What to produce -
Nothing but the line holding "Units: m, deg." and the lines after it, through the end of the records, should be set down, each exactly as it is.

*** Data supplied ***

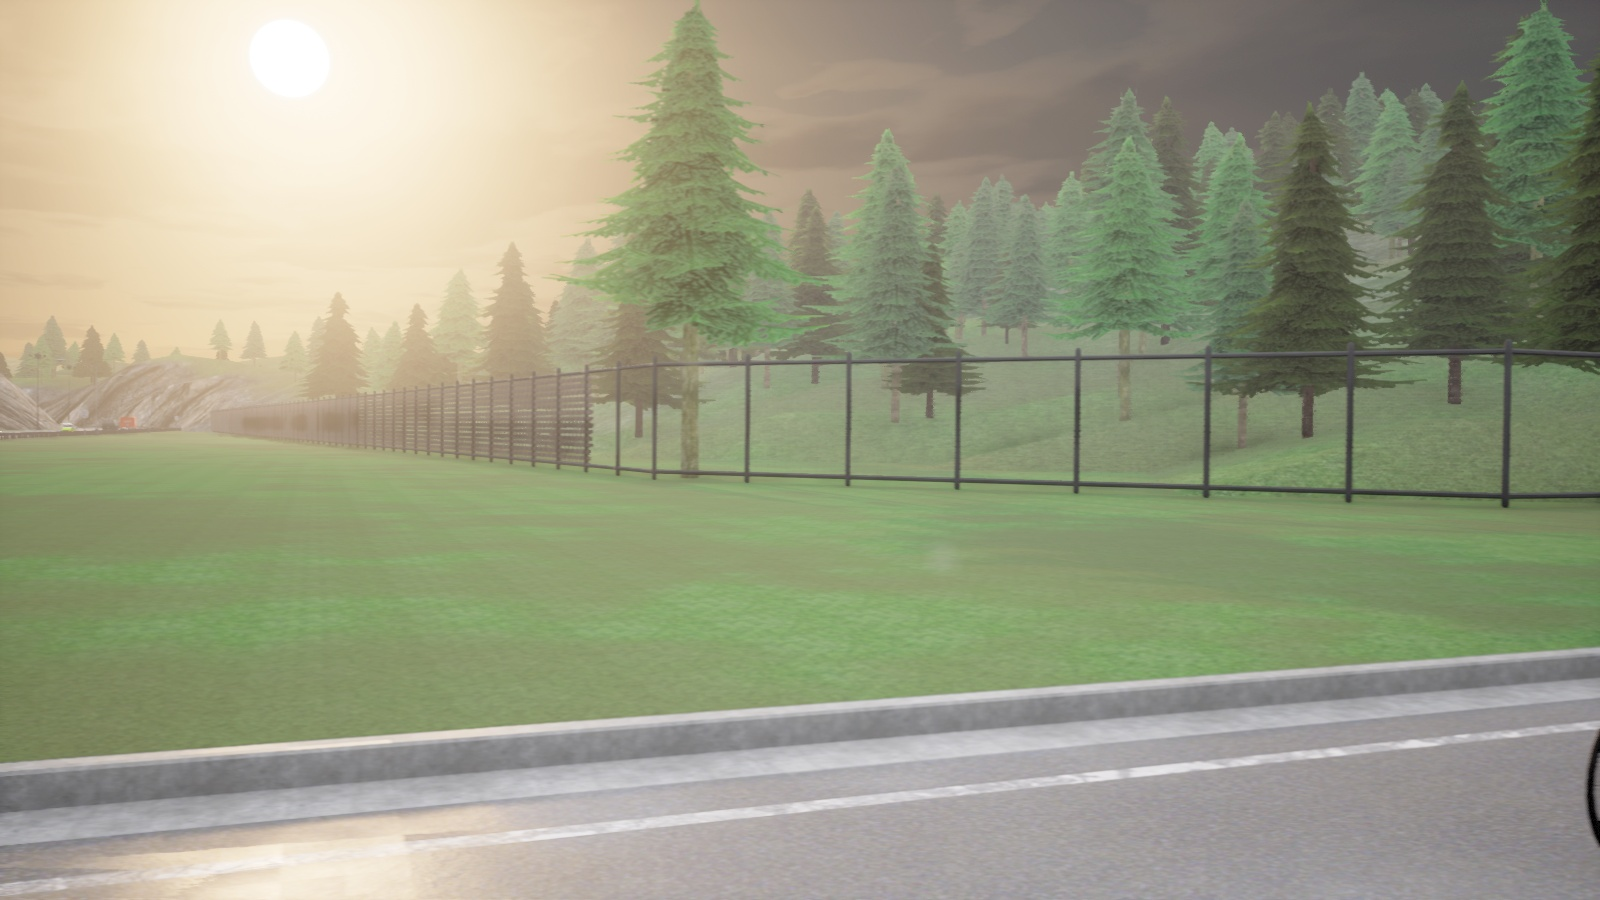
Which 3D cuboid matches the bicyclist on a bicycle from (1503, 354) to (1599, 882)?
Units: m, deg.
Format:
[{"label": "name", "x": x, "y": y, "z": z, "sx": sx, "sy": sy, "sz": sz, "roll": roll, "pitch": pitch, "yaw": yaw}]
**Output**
[{"label": "bicyclist on a bicycle", "x": 3.535, "y": 0.556, "z": 4.580, "sx": 1.843, "sy": 1.776, "sz": 0.659, "roll": -1, "pitch": 1, "yaw": -21}]

*** End of Data supplied ***

Solution to this task -
Units: m, deg.
Format:
[{"label": "name", "x": x, "y": y, "z": z, "sx": sx, "sy": sy, "sz": sz, "roll": roll, "pitch": pitch, "yaw": yaw}]
**Output**
[{"label": "bicyclist on a bicycle", "x": 3.535, "y": 0.556, "z": 4.580, "sx": 1.843, "sy": 1.776, "sz": 0.659, "roll": -1, "pitch": 1, "yaw": -21}]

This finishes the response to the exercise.